*Task directions*
Word for word, copy the line containing "name,x,y,z,sx,sy,sz,roll,pitch,yaw" and every line after it in the records below, leaving pictures out.

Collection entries
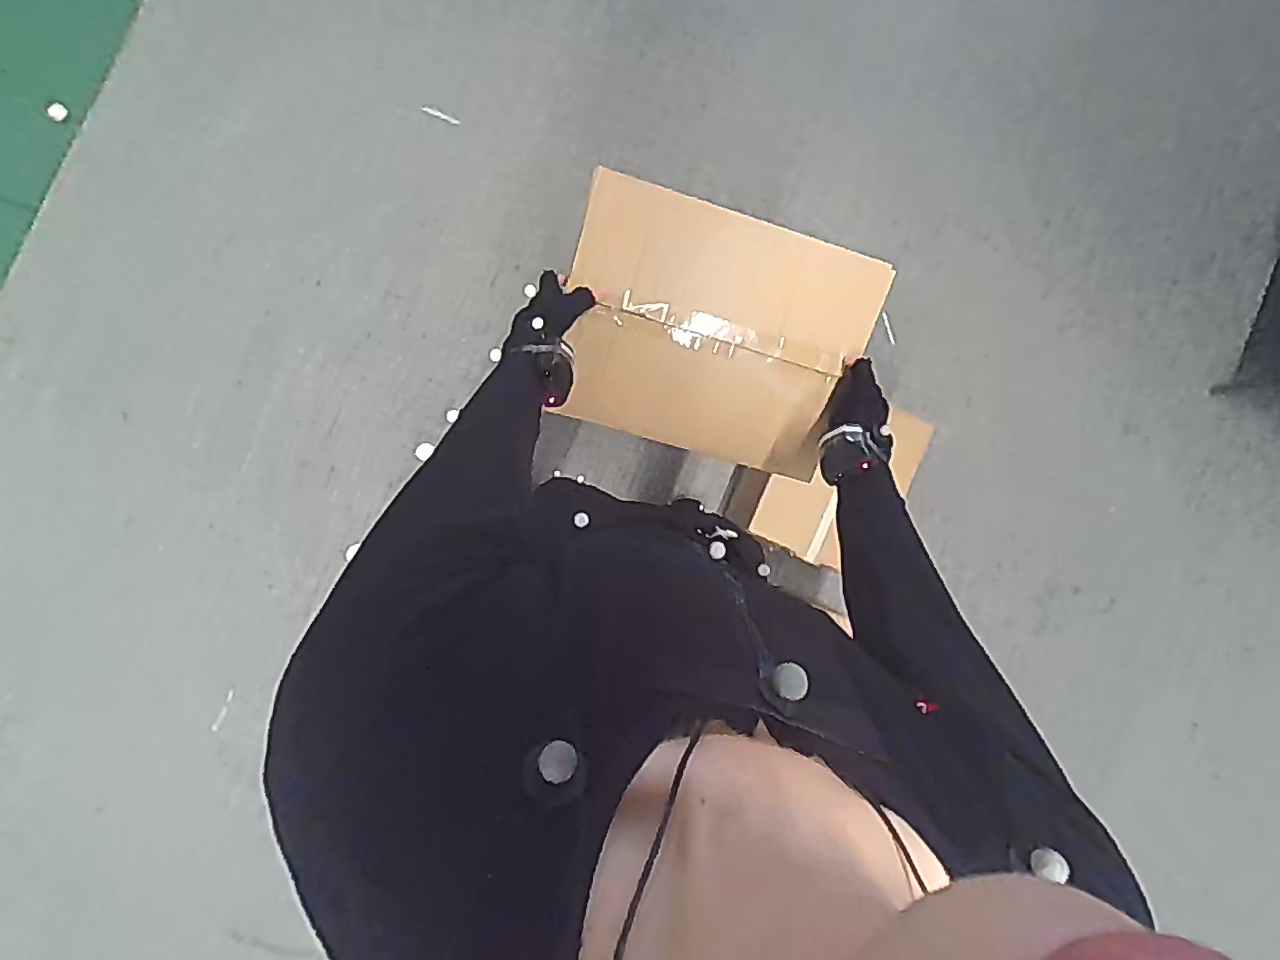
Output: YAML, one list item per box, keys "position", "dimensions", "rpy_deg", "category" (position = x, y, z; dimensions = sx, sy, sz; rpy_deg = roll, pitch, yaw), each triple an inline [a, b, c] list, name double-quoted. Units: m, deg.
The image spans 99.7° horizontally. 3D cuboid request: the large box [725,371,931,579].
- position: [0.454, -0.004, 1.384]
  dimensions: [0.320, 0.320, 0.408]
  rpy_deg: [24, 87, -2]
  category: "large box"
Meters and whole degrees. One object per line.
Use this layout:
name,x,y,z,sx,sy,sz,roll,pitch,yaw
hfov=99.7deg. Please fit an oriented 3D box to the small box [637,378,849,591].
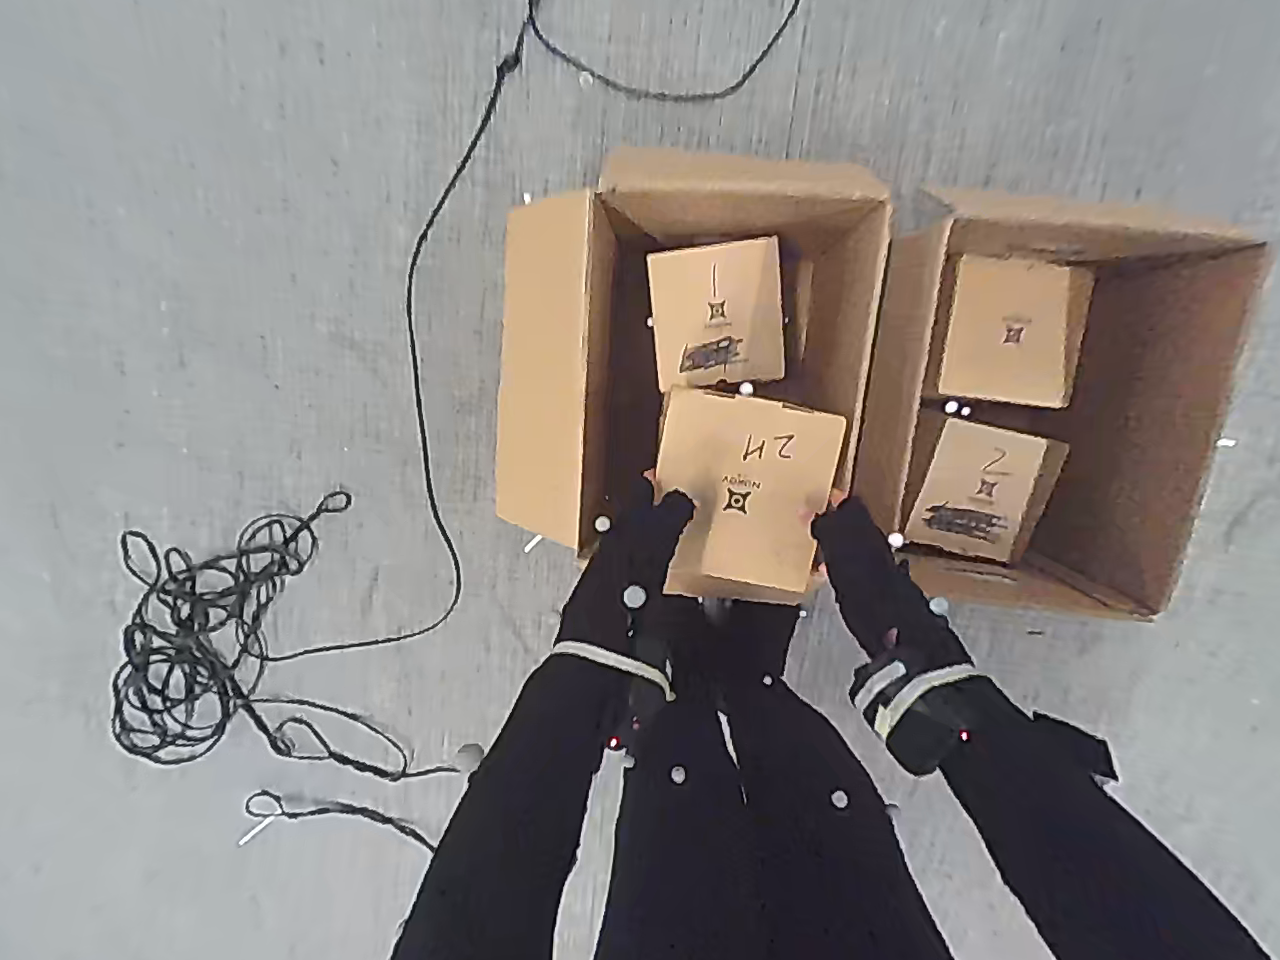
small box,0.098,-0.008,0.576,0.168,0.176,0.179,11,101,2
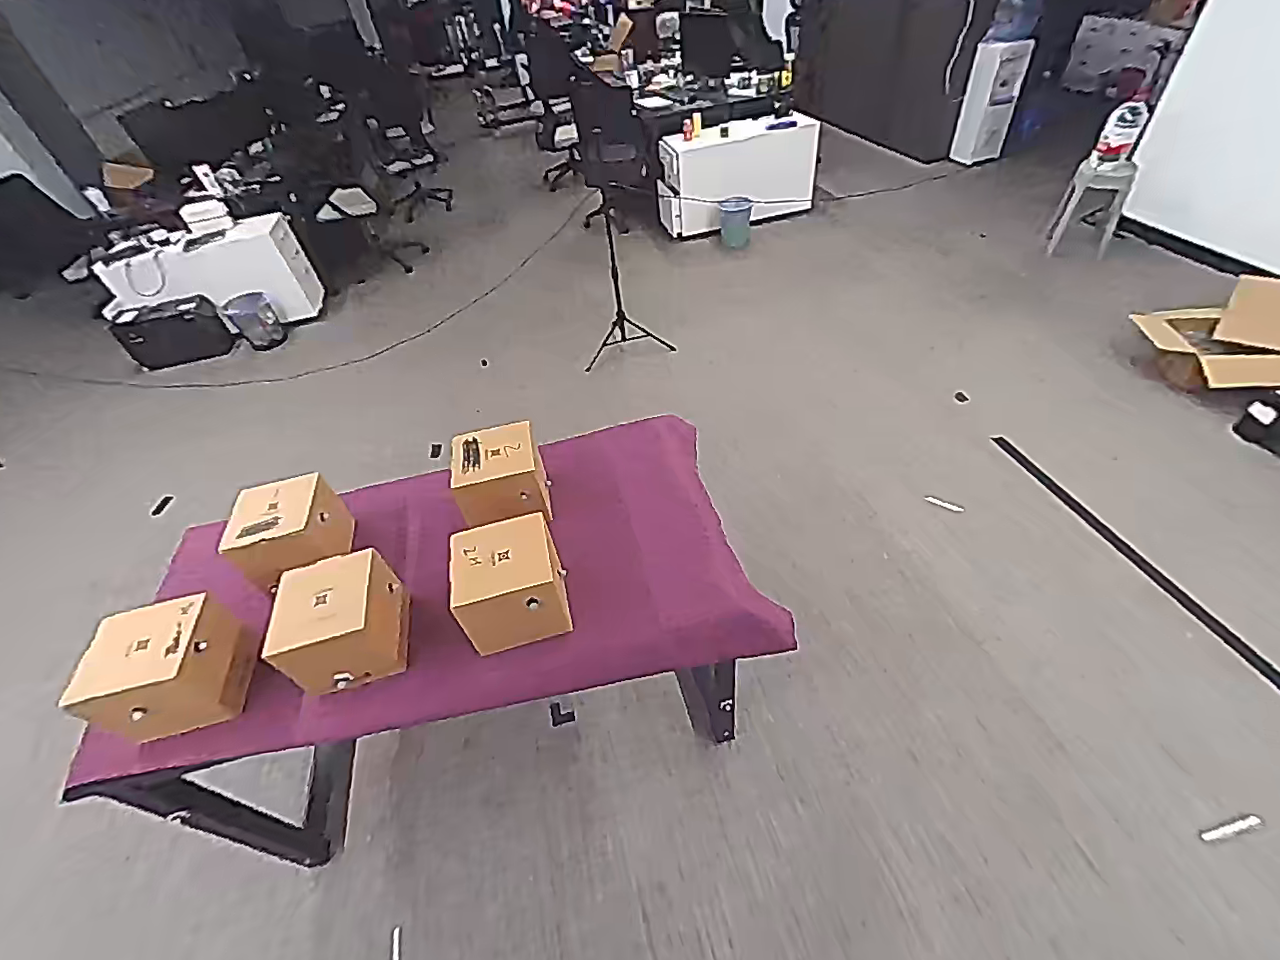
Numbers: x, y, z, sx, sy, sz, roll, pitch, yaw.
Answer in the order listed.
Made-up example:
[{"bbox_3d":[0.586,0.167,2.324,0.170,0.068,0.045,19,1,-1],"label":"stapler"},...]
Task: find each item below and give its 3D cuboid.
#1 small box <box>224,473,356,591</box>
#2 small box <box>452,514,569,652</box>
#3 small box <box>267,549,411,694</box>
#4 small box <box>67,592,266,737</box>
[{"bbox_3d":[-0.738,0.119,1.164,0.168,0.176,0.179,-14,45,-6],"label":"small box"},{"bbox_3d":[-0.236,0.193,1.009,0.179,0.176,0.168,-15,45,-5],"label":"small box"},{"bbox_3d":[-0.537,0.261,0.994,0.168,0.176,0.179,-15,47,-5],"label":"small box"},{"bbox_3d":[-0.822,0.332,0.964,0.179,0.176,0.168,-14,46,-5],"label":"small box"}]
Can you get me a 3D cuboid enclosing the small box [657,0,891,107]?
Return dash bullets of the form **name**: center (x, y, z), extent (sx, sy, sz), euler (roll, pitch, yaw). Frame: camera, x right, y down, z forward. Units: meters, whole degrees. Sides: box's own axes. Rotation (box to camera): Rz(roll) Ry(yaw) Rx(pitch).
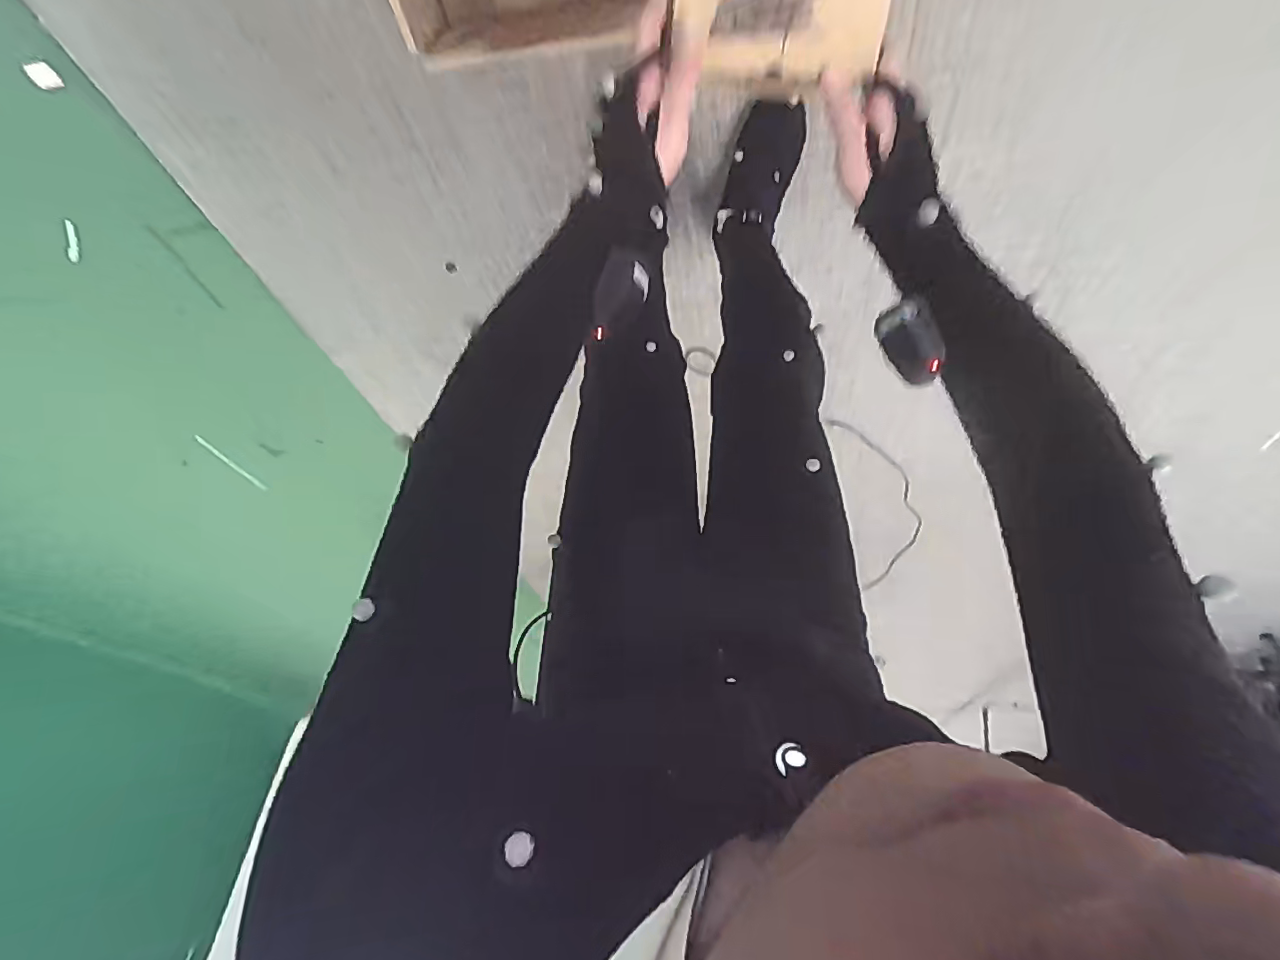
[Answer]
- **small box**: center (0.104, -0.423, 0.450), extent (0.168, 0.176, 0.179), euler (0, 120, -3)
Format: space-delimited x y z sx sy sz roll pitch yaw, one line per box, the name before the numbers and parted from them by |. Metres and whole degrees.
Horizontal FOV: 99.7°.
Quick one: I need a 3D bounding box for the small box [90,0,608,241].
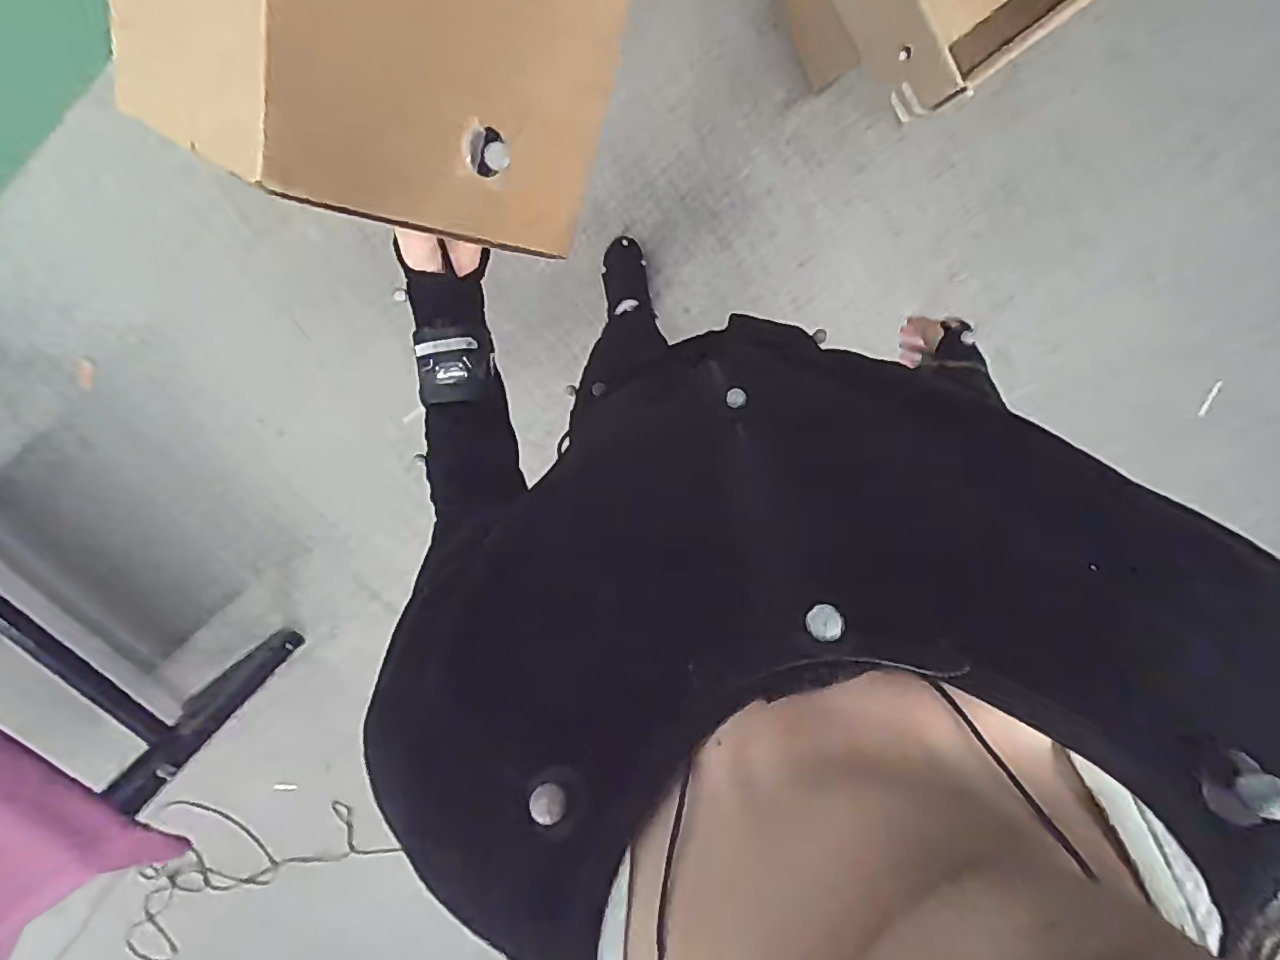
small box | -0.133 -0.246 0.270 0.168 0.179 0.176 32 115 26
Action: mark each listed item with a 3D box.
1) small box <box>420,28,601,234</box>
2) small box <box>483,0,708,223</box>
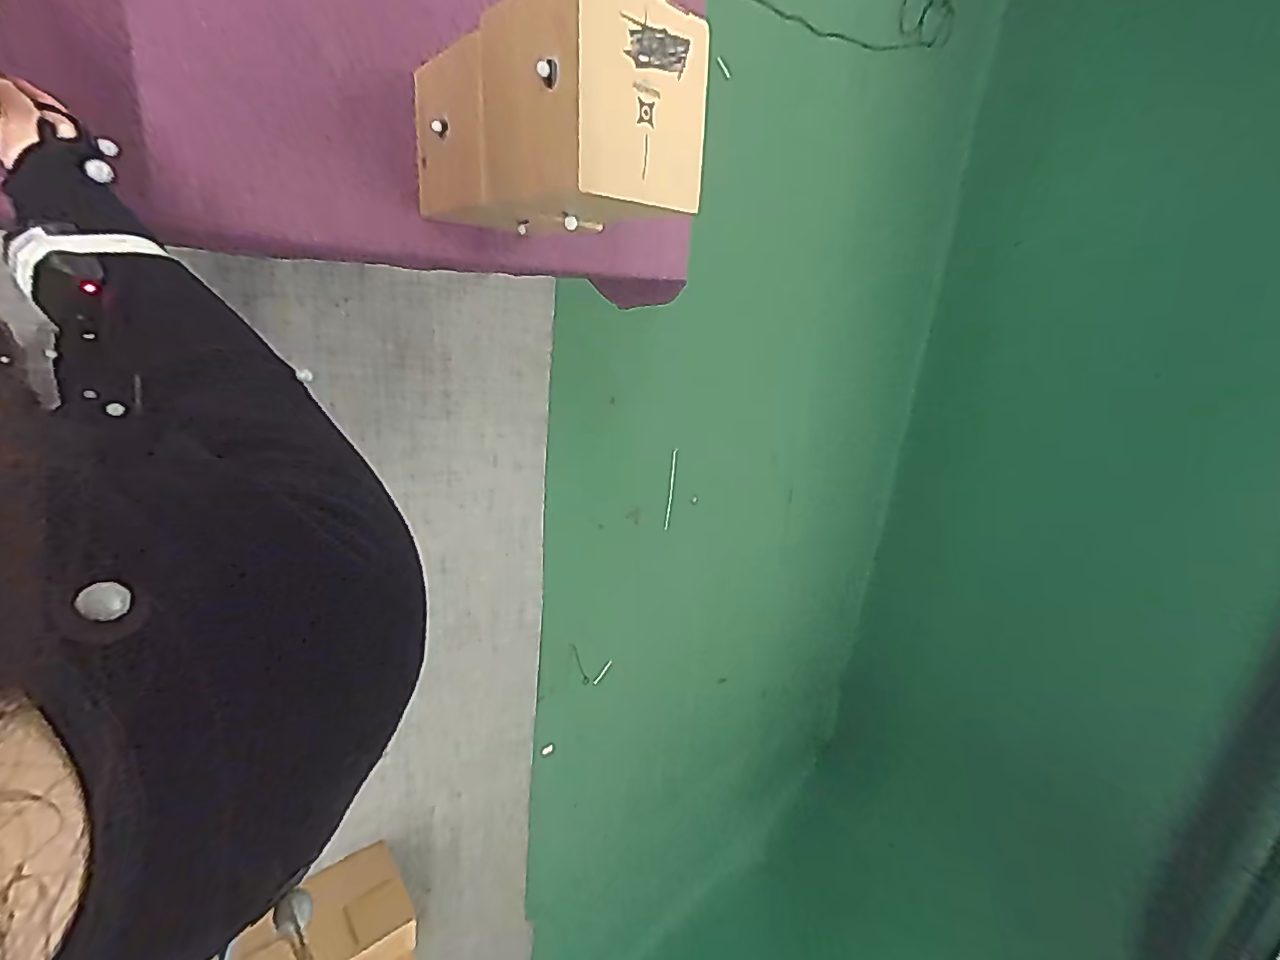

*Task output*
name,x,y,z,sx,sy,sz,roll,pitch,yaw
hfov=99.7deg. Please fit an oriented 3D box to the small box [637,378,849,591].
small box,0.098,-0.008,0.576,0.168,0.176,0.179,11,101,2
Numbers: x, y, z, sx, sy, sz, roll, pitch, yaw.
Answer in the order listed.
Made-up example:
[{"bbox_3d":[0.586,0.167,2.324,0.170,0.068,0.045,19,1,-1],"label":"stapler"},...]
Task: find each item below and give its 3D cuboid.
#1 small box <box>224,473,356,591</box>
#2 small box <box>452,514,569,652</box>
#3 small box <box>267,549,411,694</box>
#4 small box <box>67,592,266,737</box>
[{"bbox_3d":[-0.738,0.119,1.164,0.168,0.176,0.179,-14,45,-6],"label":"small box"},{"bbox_3d":[-0.236,0.193,1.009,0.179,0.176,0.168,-15,45,-5],"label":"small box"},{"bbox_3d":[-0.537,0.261,0.994,0.168,0.176,0.179,-15,47,-5],"label":"small box"},{"bbox_3d":[-0.822,0.332,0.964,0.179,0.176,0.168,-14,46,-5],"label":"small box"}]
Can you get me a 3D cuboid enclosing the small box [657,0,891,107]?
Return dash bullets of the form **name**: center (x, y, z), extent (sx, sy, sz), euler (roll, pitch, yaw). Frame: camera, x right, y down, z forward. Units: meters, whole degrees. Sides: box's own axes. Rotation (box to camera): Rz(roll) Ry(yaw) Rx(pitch).
[Answer]
- **small box**: center (0.104, -0.423, 0.450), extent (0.168, 0.176, 0.179), euler (0, 120, -3)
Format: space-delimited x y z sx sy sz roll pitch yaw, one line per box, the name before the numbers and parted from them by |. Metres and whole degrees.
Horizontal FOV: 99.7°.
Quick one: I need a 3D bounding box for the small box [90,0,608,241].
small box | -0.133 -0.246 0.270 0.168 0.179 0.176 32 115 26
Action: mark each listed item with a 3D box.
1) small box <box>420,28,601,234</box>
2) small box <box>483,0,708,223</box>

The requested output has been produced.